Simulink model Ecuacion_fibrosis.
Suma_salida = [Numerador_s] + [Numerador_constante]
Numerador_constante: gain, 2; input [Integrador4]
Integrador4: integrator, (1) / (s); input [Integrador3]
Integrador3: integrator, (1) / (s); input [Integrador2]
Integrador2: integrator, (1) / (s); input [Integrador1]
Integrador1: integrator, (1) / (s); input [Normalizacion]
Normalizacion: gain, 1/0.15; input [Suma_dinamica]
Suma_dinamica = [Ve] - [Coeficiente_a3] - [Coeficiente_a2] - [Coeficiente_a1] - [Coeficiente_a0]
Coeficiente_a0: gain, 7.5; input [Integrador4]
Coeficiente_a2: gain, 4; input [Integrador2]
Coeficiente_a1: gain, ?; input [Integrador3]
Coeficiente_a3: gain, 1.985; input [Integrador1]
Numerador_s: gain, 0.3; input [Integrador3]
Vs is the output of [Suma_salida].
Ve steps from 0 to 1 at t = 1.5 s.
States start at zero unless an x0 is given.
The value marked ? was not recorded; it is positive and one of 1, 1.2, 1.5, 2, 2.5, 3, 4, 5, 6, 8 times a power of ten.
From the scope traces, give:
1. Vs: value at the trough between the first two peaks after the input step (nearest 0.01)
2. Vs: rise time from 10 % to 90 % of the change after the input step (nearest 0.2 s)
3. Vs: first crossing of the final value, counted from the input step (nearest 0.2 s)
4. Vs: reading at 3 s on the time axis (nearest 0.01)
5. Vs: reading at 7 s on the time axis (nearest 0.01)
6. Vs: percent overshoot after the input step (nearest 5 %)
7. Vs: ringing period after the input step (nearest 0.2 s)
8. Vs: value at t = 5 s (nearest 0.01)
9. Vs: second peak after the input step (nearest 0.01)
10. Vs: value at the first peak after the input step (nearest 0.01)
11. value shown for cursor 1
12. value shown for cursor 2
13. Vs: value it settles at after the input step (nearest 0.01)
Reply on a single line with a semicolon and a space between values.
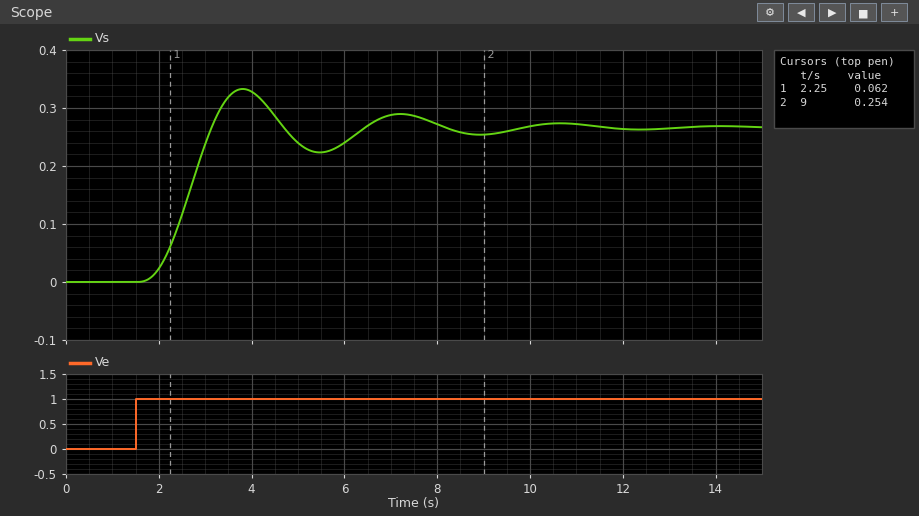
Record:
0.22; 1.0 s; 1.6 s; 0.24; 0.29; 25 %; 3.4 s; 0.24; 0.29; 0.33; 0.062; 0.254; 0.27
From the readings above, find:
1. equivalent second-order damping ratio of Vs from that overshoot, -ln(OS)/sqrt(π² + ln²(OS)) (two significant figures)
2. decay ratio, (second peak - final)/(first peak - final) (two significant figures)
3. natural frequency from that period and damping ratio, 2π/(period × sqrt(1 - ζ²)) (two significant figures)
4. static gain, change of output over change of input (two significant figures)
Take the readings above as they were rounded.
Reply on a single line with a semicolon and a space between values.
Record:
0.40; 0.33; 2.0 rad/s; 0.27
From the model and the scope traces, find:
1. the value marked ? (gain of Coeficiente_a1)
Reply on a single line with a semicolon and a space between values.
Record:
8
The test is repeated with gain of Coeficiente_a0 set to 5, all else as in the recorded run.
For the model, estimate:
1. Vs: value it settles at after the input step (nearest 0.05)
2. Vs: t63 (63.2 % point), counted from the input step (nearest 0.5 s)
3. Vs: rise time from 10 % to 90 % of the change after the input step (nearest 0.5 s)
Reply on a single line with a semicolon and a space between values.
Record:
0.40; 1.5 s; 1.5 s

* _Aim of the task_: Set the pictures aside and retype exactly the lines above from the line with "12. value shown for cursor 2" to the line with "Take the readings above as they were rounded.", both included, adding no others.

* _Exercise output_:
12. value shown for cursor 2
13. Vs: value it settles at after the input step (nearest 0.01)
Reply on a single line with a semicolon and a space between values.
Record:
0.22; 1.0 s; 1.6 s; 0.24; 0.29; 25 %; 3.4 s; 0.24; 0.29; 0.33; 0.062; 0.254; 0.27
From the readings above, find:
1. equivalent second-order damping ratio of Vs from that overshoot, -ln(OS)/sqrt(π² + ln²(OS)) (two significant figures)
2. decay ratio, (second peak - final)/(first peak - final) (two significant figures)
3. natural frequency from that period and damping ratio, 2π/(period × sqrt(1 - ζ²)) (two significant figures)
4. static gain, change of output over change of input (two significant figures)
Take the readings above as they were rounded.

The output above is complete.